After seeing an exhibition like this it’s perhaps not so strange to discover a sudden urge to make your own dotty paintings.
But before we get carried away, let’s rein in that impulse and consider things a little deeper. Because on the one hand, you could say “imitation is the sincerest form of flattery” except the full quote is actually
“Imitation is the sincerest form of flattery that mediocrity can pay to greatness”
Oscar Wilde
Oof…
And also - cultural appropriation.
For a start, the dots are part of a distinct visual language with a very specific cultural purpose. That’s Very Good Reason No. 1 why we can’t just start painting dots on everything because we think they ‘look nice’.

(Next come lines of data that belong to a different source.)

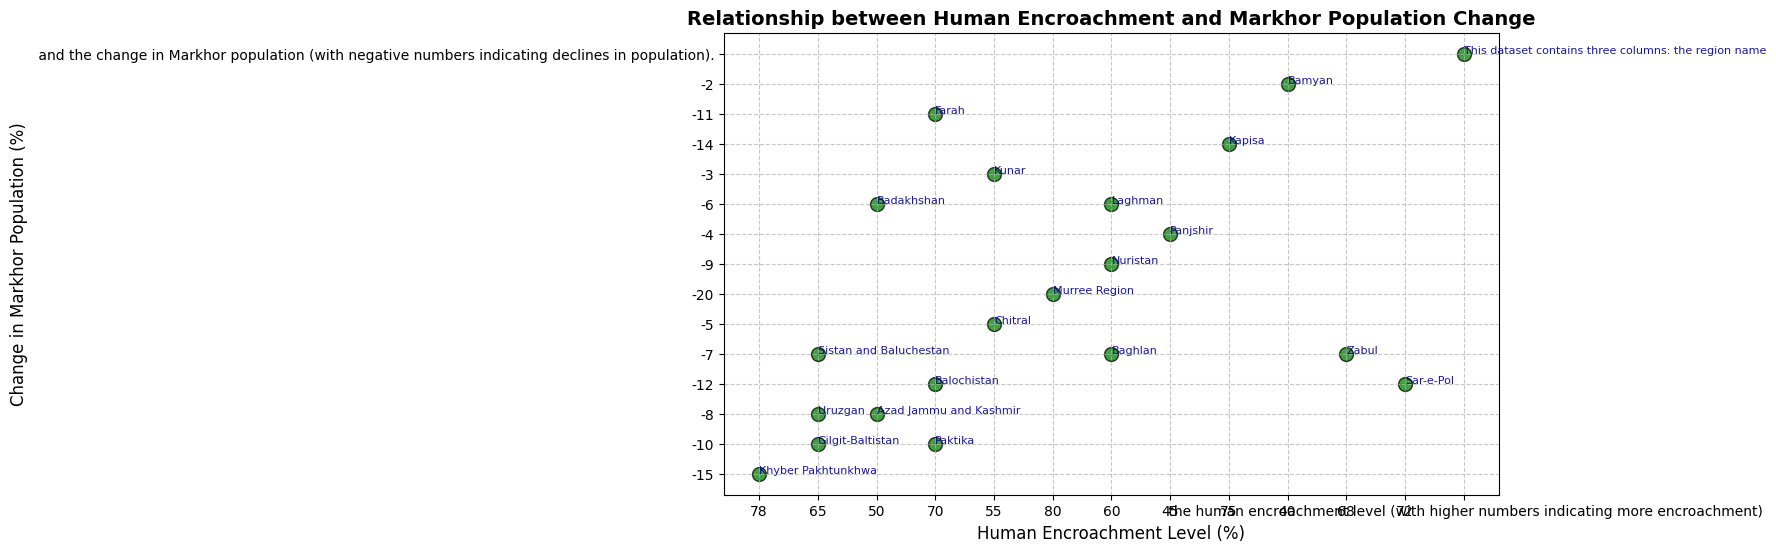What is the relationship between human encroachment levels and Markhor population change? By looking at the scatter plot, as the human encroachment level increases, the decline in the Markhor population tends to be more pronounced, suggesting a negative relationship.
Answer: Negative correlation Which region has the highest human encroachment level and how much has its Markhor population declined? The Murree Region has the highest human encroachment level at 80%, and its Markhor population has declined by 20%.
Answer: Murree Region; 20% Which regions have the least and the most change in Markhor population? The region with the least change in the Markhor population is Bamyan with a population change of -2%. The region with the most change is the Murree Region with a population change of -20%.
Answer: Bamyan; Murree Region What is the median human encroachment level among all the regions? To find the median, we arrange the human encroachment levels in ascending order [40, 45, 50, 50, 55, 55, 60, 60, 60, 65, 65, 65, 68, 70, 70, 72, 75, 78, 80] and find the middle value. The median value is 65%.
Answer: 65% Compare the Markhor population change between the regions with 70% human encroachment. The regions with 70% human encroachment are Balochistan, Farah, and Paktika. Their changes in Markhor population are -12%, -11%, and -10%, respectively.
Answer: Balochistan: -12%, Farah: -11%, Paktika: -10% Which region has the closest Markhor population change to Kunar? Kunar has a Markhor population change of -3%. The region with the closest population change is Panjshir, which has a population change of -4%.
Answer: Panjshir What is the average decline in Markhor population for regions with human encroachment levels greater than 60%? Regions with human encroachment levels greater than 60% are Khyber Pakhtunkhwa (-15%), Murree Region (-20%), Kapisa (-14%), Balochistan (-12%), Farah (-11%), Paktika (-10%), and Sar-e-Pol (-12%). Average decline = (-15 + -20 + -14 + -12 + -11 + -10 + -12) / 7 = -13.43%.
Answer: -13.43% Compare the Markhor population changes between Gilgit-Baltistan and Nuristan. Gilgit-Baltistan has a Markhor population change of -10%, while Nuristan has a population change of -9%.
Answer: Gilgit-Baltistan: -10%, Nuristan: -9% Identify all regions with human encroachment levels less than 60% and their corresponding changes in Markhor population. The regions with less than 60% human encroachment levels are Panjshir (-4%), Bamyan (-2%), Azad Jammu and Kashmir (-8%), Badakhshan (-6%), and Chitral (-5%).
Answer: Panjshir: -4%, Bamyan: -2%, Azad Jammu and Kashmir: -8%, Badakhshan: -6%, Chitral: -5%

Read more about the origin and meaning of the dot paintings here.
Secondly, Emily’s paintings are about Emily and I’m not Emily. I’m a 50-something white Brit living in a non descript town in south east England. Emily’s world is not my world and by extension, Emily’s art and style can never be mine. Most importantly, Emily’s art isn’t about style - it’s not even about art. Emily’s art IS Emily.
The works were visual reminders of their own being. They painted land that they belonged to and the stories that are associated with those sites. In essence they were painting their identity onto the boards, as a visual assertion of their identity and origins.
Like copying artworks made by Native American and First Nations artists, it’s never ever OK to benefit and/or profit from a style when the originating culture is marginalised or not credited, as is so often the case. Appropriation hits hardest when the original artists fight for visibility, resources, and recognition. And as mentioned above, the original works and their sacred meanings are inextricably linked.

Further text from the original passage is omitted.